Eduardo González
The Chief Minister of Gibraltar, Fabián Picardo, has assured the UN that the resolutions of the United Nations General Assembly on which Spain bases its claims of sovereignty over the Rock lack a “legal value” and were adopted “when Spain was still in dictatorship and Gibraltar was the only representative democracy on the Iberian Peninsula”.
“Every year we hear the Spanish representative tell you the same thing,” Picardo told the Special Political and Decolonization Committee (the so-called Fourth Committee) of the 79th Session of the UN General Assembly on Monday. “They talk about resolutions of the General Assembly, adopted more than half a century ago, which they say support their sovereignty claim over our homeland,” he continued.
According to Picardo, “Spain ceded sovereignty over Gibraltar, in perpetuity, in 1713” and “no resolution of the General Assembly can change that fact.” “Nor can it curtail our inalienable right of self-determination,” he added.
“In fact, there is no legal value in the General Assembly resolutions that Spain relies on, they are legally worthless” because “they are not declaratory of any principle of international law,” and “there is nothing in those resolutions that trumps the resolution that really matters,” the Chief Minister said.
“That is General Assembly Resolution 1514 (XV) which explicitly declared the existence of the right of self-determination,” he said. “This is the very right that underpins the historic agreement reached last week between the United Kingdom and Mauritius, completing Mauritius’ decolonisation.

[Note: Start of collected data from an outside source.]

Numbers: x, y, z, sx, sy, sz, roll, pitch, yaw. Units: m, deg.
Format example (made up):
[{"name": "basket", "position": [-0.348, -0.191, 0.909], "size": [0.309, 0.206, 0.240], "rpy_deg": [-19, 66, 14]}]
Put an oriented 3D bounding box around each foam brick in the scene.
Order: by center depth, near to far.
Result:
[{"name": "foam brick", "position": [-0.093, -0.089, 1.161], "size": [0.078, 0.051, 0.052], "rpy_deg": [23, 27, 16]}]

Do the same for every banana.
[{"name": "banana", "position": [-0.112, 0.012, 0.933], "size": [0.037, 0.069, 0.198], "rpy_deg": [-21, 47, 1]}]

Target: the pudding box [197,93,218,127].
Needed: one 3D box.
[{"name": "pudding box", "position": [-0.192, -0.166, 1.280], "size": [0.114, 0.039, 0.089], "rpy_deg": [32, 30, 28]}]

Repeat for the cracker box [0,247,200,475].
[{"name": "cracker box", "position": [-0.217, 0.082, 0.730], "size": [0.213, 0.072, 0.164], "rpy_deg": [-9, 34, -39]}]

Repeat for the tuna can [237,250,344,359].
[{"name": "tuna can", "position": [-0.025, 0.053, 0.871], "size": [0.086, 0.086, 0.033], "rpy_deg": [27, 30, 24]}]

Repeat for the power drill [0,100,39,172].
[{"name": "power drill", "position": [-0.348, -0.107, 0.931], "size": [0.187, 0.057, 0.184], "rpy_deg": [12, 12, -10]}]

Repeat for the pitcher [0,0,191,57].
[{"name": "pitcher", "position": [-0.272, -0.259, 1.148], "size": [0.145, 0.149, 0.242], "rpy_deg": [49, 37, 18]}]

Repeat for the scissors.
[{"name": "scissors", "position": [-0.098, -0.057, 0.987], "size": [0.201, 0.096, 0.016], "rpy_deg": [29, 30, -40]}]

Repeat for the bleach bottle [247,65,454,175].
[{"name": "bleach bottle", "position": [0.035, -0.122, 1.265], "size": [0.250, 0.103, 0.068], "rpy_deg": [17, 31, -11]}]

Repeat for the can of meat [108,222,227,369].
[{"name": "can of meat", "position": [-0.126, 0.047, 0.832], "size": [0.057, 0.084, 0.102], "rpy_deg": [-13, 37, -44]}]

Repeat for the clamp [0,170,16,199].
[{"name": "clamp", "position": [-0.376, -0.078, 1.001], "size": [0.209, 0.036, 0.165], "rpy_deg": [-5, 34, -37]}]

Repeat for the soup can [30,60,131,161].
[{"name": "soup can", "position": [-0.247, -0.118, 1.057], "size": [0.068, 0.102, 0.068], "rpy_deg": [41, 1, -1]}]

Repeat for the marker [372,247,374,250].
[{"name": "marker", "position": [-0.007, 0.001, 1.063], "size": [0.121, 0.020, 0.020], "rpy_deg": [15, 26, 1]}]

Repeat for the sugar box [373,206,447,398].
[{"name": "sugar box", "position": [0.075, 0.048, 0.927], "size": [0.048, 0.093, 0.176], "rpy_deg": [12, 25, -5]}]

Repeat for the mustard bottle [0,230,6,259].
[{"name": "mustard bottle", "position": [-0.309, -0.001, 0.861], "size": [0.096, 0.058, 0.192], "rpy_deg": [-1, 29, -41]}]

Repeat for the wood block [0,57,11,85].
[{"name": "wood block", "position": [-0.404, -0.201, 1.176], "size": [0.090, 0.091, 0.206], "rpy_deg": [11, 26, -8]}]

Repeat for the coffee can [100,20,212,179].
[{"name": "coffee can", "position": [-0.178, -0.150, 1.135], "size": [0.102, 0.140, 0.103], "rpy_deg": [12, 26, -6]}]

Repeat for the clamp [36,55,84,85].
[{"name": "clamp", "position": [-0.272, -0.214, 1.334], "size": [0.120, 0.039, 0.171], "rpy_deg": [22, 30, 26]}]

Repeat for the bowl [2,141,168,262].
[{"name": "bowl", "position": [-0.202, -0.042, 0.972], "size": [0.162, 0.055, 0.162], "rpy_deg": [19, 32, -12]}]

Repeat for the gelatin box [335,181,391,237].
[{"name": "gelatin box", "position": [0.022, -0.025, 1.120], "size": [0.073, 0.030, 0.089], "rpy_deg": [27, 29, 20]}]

It restores its territorial integrity and allows for the return to the Chagos Archipelago of its exiled inhabitants,” he said, referring to the recent decision by the United Kingdom to cede sovereignty of the Chagos Islands to Mauritius, a territory that has no resident population because its inhabitants were evicted by the British Government in the 1960s to install a military base.
On the other hand, Picardo warned, “it is undoubtedly embarrassing for the existing, socialist, progressive Government of modern Spain to have to rely on Resolutions obtained here by what even they describe as the fascist Government of 1960s Spain¡.” “I remind the Committee that the last resolution voted on was in 1969, when Spain was still in dictatorship and Gibraltar was the only representative democracy on the Iberian Peninsula,” he said.
“Apart from having no legal value, that resolution had limited political weight, even 50 years ago – because nearly half of the United Nations’ membership at the time either voted against it, abstained, or did not vote” and, therefore, “in international law and politically, reliance on those resolutions is flawed and futile,” because “Gibraltar cannot legally be decolonised by adherence to those stale and legally worthless resolutions, let alone by integration into Spain,” warned Picardo. “In fact, such an action would not amount to decolonisation – it would result in the recolonisation of Gibraltar, but by a different colonial power,” the Chief Minister asserted.
“The ball is now in Spain’s court”
On the other hand, Picardo used his speech to urge Spain to accept “imaginative and balanced solutions” in the current negotiations on Gibraltar’s future membership in the EU after Brexit, taking into account “the best interest of all people in Gibraltar and the region” and respecting “the systems and security of the Schengen Area and the integrity of the Single Market”. “The ball is, therefore, very much now in Spain’s Court. Because any solution must also respect my people’s position on sovereignty, jurisdiction and control”, he said.
According to the Chief Minister, all parties involved in the negotiations are “working well together” in the search for “an area of shared prosperity” in Campo de Gibraltar “that delivers mutual economic benefit”. “Just last month I attended, alongside the British Foreign Secretary, the Rt Honourable David Lammy MP, the third meeting in Brussels with the Vice President of the European Commission, Maros Sefcovic, as well as a delegation from the Spanish Foreign Ministry led by Minister Albares”, he recalled. It was “socialist politicians meeting with a chance to show how we can resolve people’s problems, not exacerbate them”, he added.